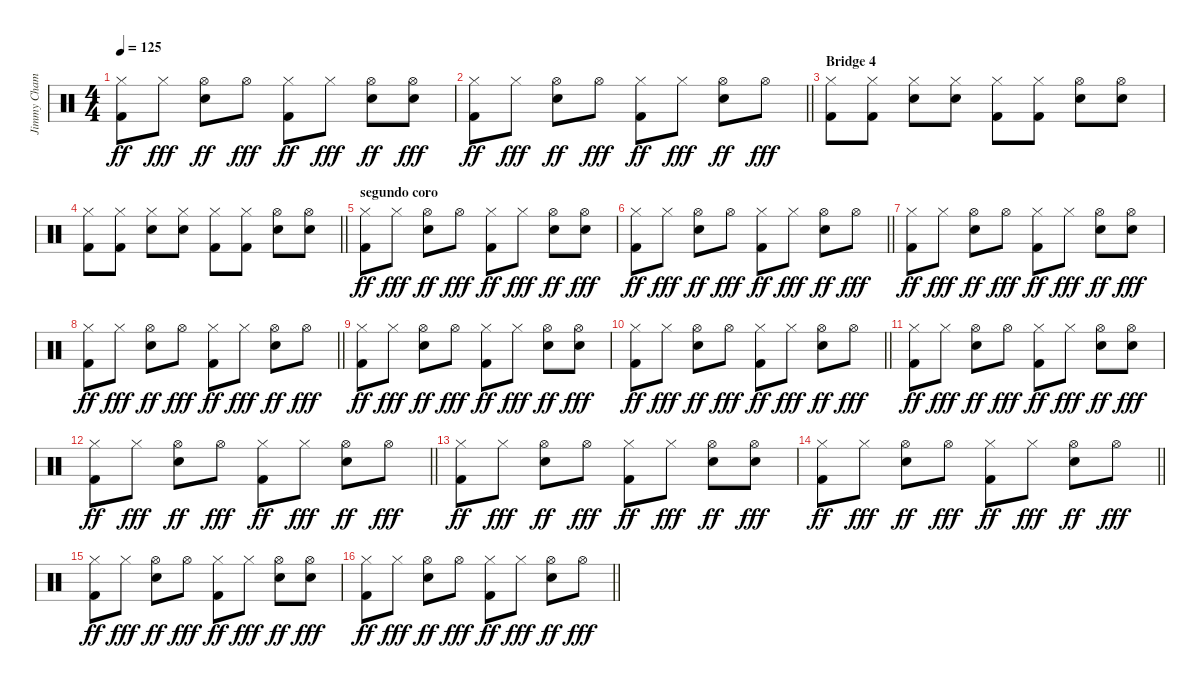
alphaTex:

\track ("Jimmy Chamberline" "Jimmy Cham") {instrument percussion}
\staff {score}
\articulation defaults
\ts (4 4)
\tempo 125
\clef neutral
\ks c
("Hi-Hat (closed)" "Kick (hit) 2").8{dy ff} "Hi-Hat (closed)".8{dy fff} ("Hi-Hat (open)" "Snare (hit) 2").8{dy ff} "Hi-Hat (open)".8{dy fff} ("Hi-Hat (closed)" "Kick (hit) 2").8{dy ff} "Hi-Hat (closed)".8{dy fff} ("Hi-Hat (open)" "Snare (hit) 2").8{dy ff} ("Hi-Hat (open)" "Snare (hit) 2").8{dy fff} |
\barLineRight lightlight
("Hi-Hat (closed)" "Kick (hit) 2").8{dy ff} "Hi-Hat (closed)".8{dy fff} ("Hi-Hat (open)" "Snare (hit) 2").8{dy ff} "Hi-Hat (open)".8{dy fff} ("Hi-Hat (closed)" "Kick (hit) 2").8{dy ff} "Hi-Hat (closed)".8{dy fff} ("Hi-Hat (open)" "Snare (hit) 2").8{dy ff} "Hi-Hat (open)".8{dy fff} |
\section ("" "Bridge 4")
("Hi-Hat (closed)" "Kick (hit) 2").8 ("Hi-Hat (closed)" "Kick (hit) 2").8 ("Hi-Hat (closed)" "Snare (hit) 2").8 ("Hi-Hat (closed)" "Snare (hit) 2").8 ("Hi-Hat (closed)" "Kick (hit) 2").8 ("Hi-Hat (closed)" "Kick (hit) 2").8 ("Hi-Hat (open)" "Snare (hit) 2").8 ("Hi-Hat (open)" "Snare (hit) 2").8 |
\barLineRight lightlight
("Hi-Hat (closed)" "Kick (hit) 2").8 ("Hi-Hat (closed)" "Kick (hit) 2").8 ("Hi-Hat (closed)" "Snare (hit) 2").8 ("Hi-Hat (closed)" "Snare (hit) 2").8 ("Hi-Hat (closed)" "Kick (hit) 2").8 ("Hi-Hat (closed)" "Kick (hit) 2").8 ("Hi-Hat (open)" "Snare (hit) 2").8 ("Hi-Hat (open)" "Snare (hit) 2").8 |
\section ("" "segundo coro")
("Hi-Hat (closed)" "Kick (hit) 2").8{dy ff} "Hi-Hat (closed)".8{dy fff} ("Hi-Hat (open)" "Snare (hit) 2").8{dy ff} "Hi-Hat (open)".8{dy fff} ("Hi-Hat (closed)" "Kick (hit) 2").8{dy ff} "Hi-Hat (closed)".8{dy fff} ("Hi-Hat (open)" "Snare (hit) 2").8{dy ff} ("Hi-Hat (open)" "Snare (hit) 2").8{dy fff} |
\barLineRight lightlight
("Hi-Hat (closed)" "Kick (hit) 2").8{dy ff} "Hi-Hat (closed)".8{dy fff} ("Hi-Hat (open)" "Snare (hit) 2").8{dy ff} "Hi-Hat (open)".8{dy fff} ("Hi-Hat (closed)" "Kick (hit) 2").8{dy ff} "Hi-Hat (closed)".8{dy fff} ("Hi-Hat (open)" "Snare (hit) 2").8{dy ff} "Hi-Hat (open)".8{dy fff} |
("Hi-Hat (closed)" "Kick (hit) 2").8{dy ff} "Hi-Hat (closed)".8{dy fff} ("Hi-Hat (open)" "Snare (hit) 2").8{dy ff} "Hi-Hat (open)".8{dy fff} ("Hi-Hat (closed)" "Kick (hit) 2").8{dy ff} "Hi-Hat (closed)".8{dy fff} ("Hi-Hat (open)" "Snare (hit) 2").8{dy ff} ("Hi-Hat (open)" "Snare (hit) 2").8{dy fff} |
\barLineRight lightlight
("Hi-Hat (closed)" "Kick (hit) 2").8{dy ff} "Hi-Hat (closed)".8{dy fff} ("Hi-Hat (open)" "Snare (hit) 2").8{dy ff} "Hi-Hat (open)".8{dy fff} ("Hi-Hat (closed)" "Kick (hit) 2").8{dy ff} "Hi-Hat (closed)".8{dy fff} ("Hi-Hat (open)" "Snare (hit) 2").8{dy ff} "Hi-Hat (open)".8{dy fff} |
("Hi-Hat (closed)" "Kick (hit) 2").8{dy ff} "Hi-Hat (closed)".8{dy fff} ("Hi-Hat (open)" "Snare (hit) 2").8{dy ff} "Hi-Hat (open)".8{dy fff} ("Hi-Hat (closed)" "Kick (hit) 2").8{dy ff} "Hi-Hat (closed)".8{dy fff} ("Hi-Hat (open)" "Snare (hit) 2").8{dy ff} ("Hi-Hat (open)" "Snare (hit) 2").8{dy fff} |
\barLineRight lightlight
("Hi-Hat (closed)" "Kick (hit) 2").8{dy ff} "Hi-Hat (closed)".8{dy fff} ("Hi-Hat (open)" "Snare (hit) 2").8{dy ff} "Hi-Hat (open)".8{dy fff} ("Hi-Hat (closed)" "Kick (hit) 2").8{dy ff} "Hi-Hat (closed)".8{dy fff} ("Hi-Hat (open)" "Snare (hit) 2").8{dy ff} "Hi-Hat (open)".8{dy fff} |
("Hi-Hat (closed)" "Kick (hit) 2").8{dy ff} "Hi-Hat (closed)".8{dy fff} ("Hi-Hat (open)" "Snare (hit) 2").8{dy ff} "Hi-Hat (open)".8{dy fff} ("Hi-Hat (closed)" "Kick (hit) 2").8{dy ff} "Hi-Hat (closed)".8{dy fff} ("Hi-Hat (open)" "Snare (hit) 2").8{dy ff} ("Hi-Hat (open)" "Snare (hit) 2").8{dy fff} |
\barLineRight lightlight
("Hi-Hat (closed)" "Kick (hit) 2").8{dy ff} "Hi-Hat (closed)".8{dy fff} ("Hi-Hat (open)" "Snare (hit) 2").8{dy ff} "Hi-Hat (open)".8{dy fff} ("Hi-Hat (closed)" "Kick (hit) 2").8{dy ff} "Hi-Hat (closed)".8{dy fff} ("Hi-Hat (open)" "Snare (hit) 2").8{dy ff} "Hi-Hat (open)".8{dy fff} |
("Hi-Hat (closed)" "Kick (hit) 2").8{dy ff} "Hi-Hat (closed)".8{dy fff} ("Hi-Hat (open)" "Snare (hit) 2").8{dy ff} "Hi-Hat (open)".8{dy fff} ("Hi-Hat (closed)" "Kick (hit) 2").8{dy ff} "Hi-Hat (closed)".8{dy fff} ("Hi-Hat (open)" "Snare (hit) 2").8{dy ff} ("Hi-Hat (open)" "Snare (hit) 2").8{dy fff} |
\barLineRight lightlight
("Hi-Hat (closed)" "Kick (hit) 2").8{dy ff} "Hi-Hat (closed)".8{dy fff} ("Hi-Hat (open)" "Snare (hit) 2").8{dy ff} "Hi-Hat (open)".8{dy fff} ("Hi-Hat (closed)" "Kick (hit) 2").8{dy ff} "Hi-Hat (closed)".8{dy fff} ("Hi-Hat (open)" "Snare (hit) 2").8{dy ff} "Hi-Hat (open)".8{dy fff} |
("Hi-Hat (closed)" "Kick (hit) 2").8{dy ff} "Hi-Hat (closed)".8{dy fff} ("Hi-Hat (open)" "Snare (hit) 2").8{dy ff} "Hi-Hat (open)".8{dy fff} ("Hi-Hat (closed)" "Kick (hit) 2").8{dy ff} "Hi-Hat (closed)".8{dy fff} ("Hi-Hat (open)" "Snare (hit) 2").8{dy ff} ("Hi-Hat (open)" "Snare (hit) 2").8{dy fff} |
\barLineRight lightlight
("Hi-Hat (closed)" "Kick (hit) 2").8{dy ff} "Hi-Hat (closed)".8{dy fff} ("Hi-Hat (open)" "Snare (hit) 2").8{dy ff} "Hi-Hat (open)".8{dy fff} ("Hi-Hat (closed)" "Kick (hit) 2").8{dy ff} "Hi-Hat (closed)".8{dy fff} ("Hi-Hat (open)" "Snare (hit) 2").8{dy ff} "Hi-Hat (open)".8{dy fff}

WORK TASK - Scan the entries above and show each line that contains the word "section".

REPLY -
\section ("" "Bridge 4")
\section ("" "segundo coro")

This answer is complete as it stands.